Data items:

-=-=-

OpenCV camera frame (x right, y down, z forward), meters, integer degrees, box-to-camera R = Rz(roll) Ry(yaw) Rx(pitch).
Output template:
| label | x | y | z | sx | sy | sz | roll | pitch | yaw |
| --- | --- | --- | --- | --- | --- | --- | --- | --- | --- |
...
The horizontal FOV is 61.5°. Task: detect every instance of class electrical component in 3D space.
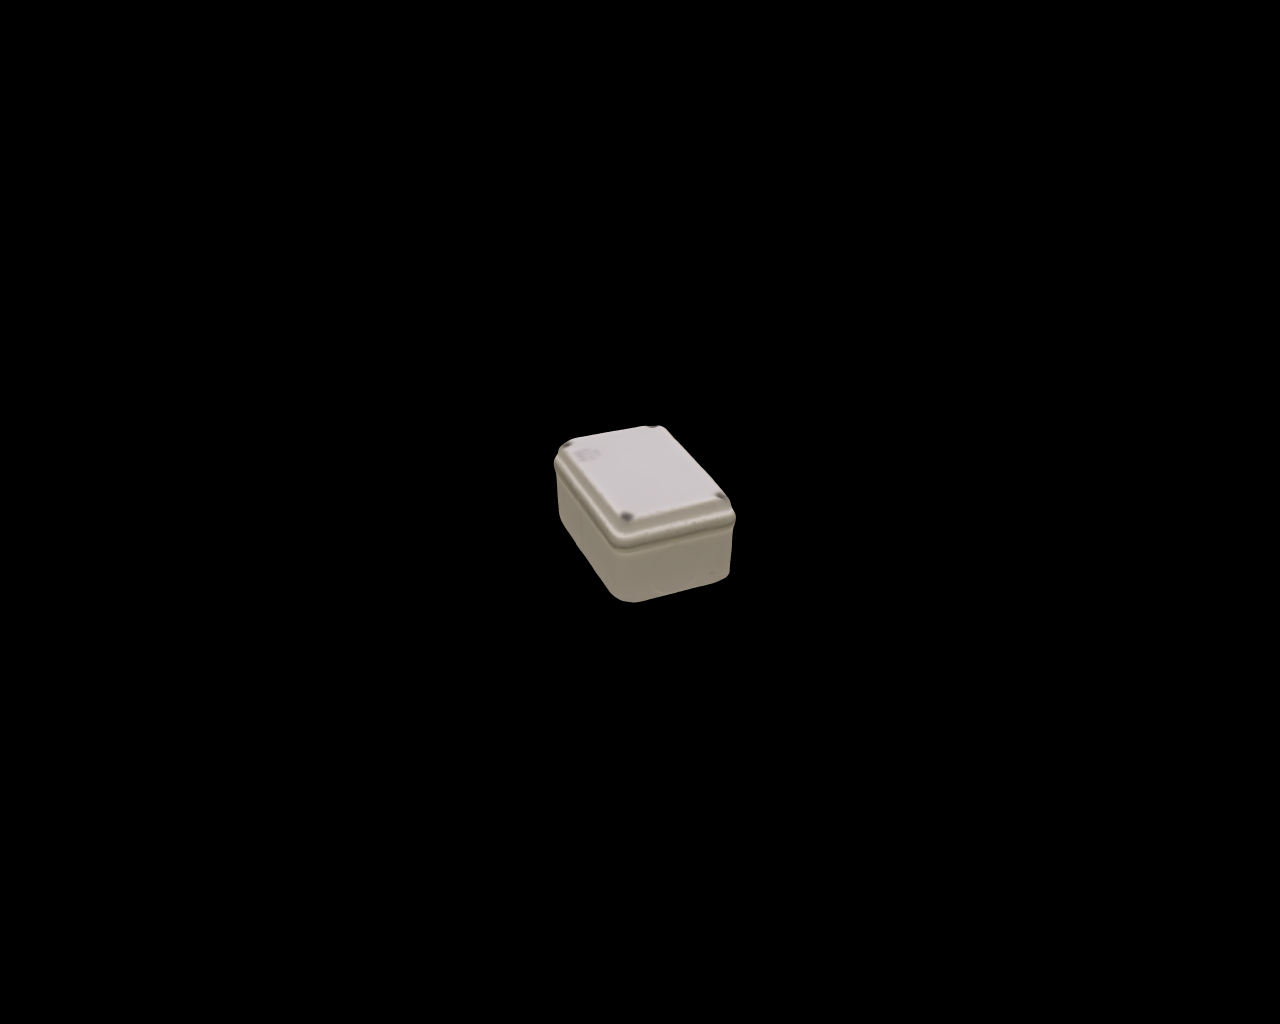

-=-=-

DIRECTIONS FOR THIS TASK -
Each record above needs to be transcribed word for word, with its pictures omitted.

WRITTEN SOLUTION -
OpenCV camera frame (x right, y down, z forward), meters, integer degrees, box-to-camera R = Rz(roll) Ry(yaw) Rx(pitch).
Output template:
| label | x | y | z | sx | sy | sz | roll | pitch | yaw |
| --- | --- | --- | --- | --- | --- | --- | --- | --- | --- |
...
The horizontal FOV is 61.5°. Task: detect every instance of class electrical component in 3D space.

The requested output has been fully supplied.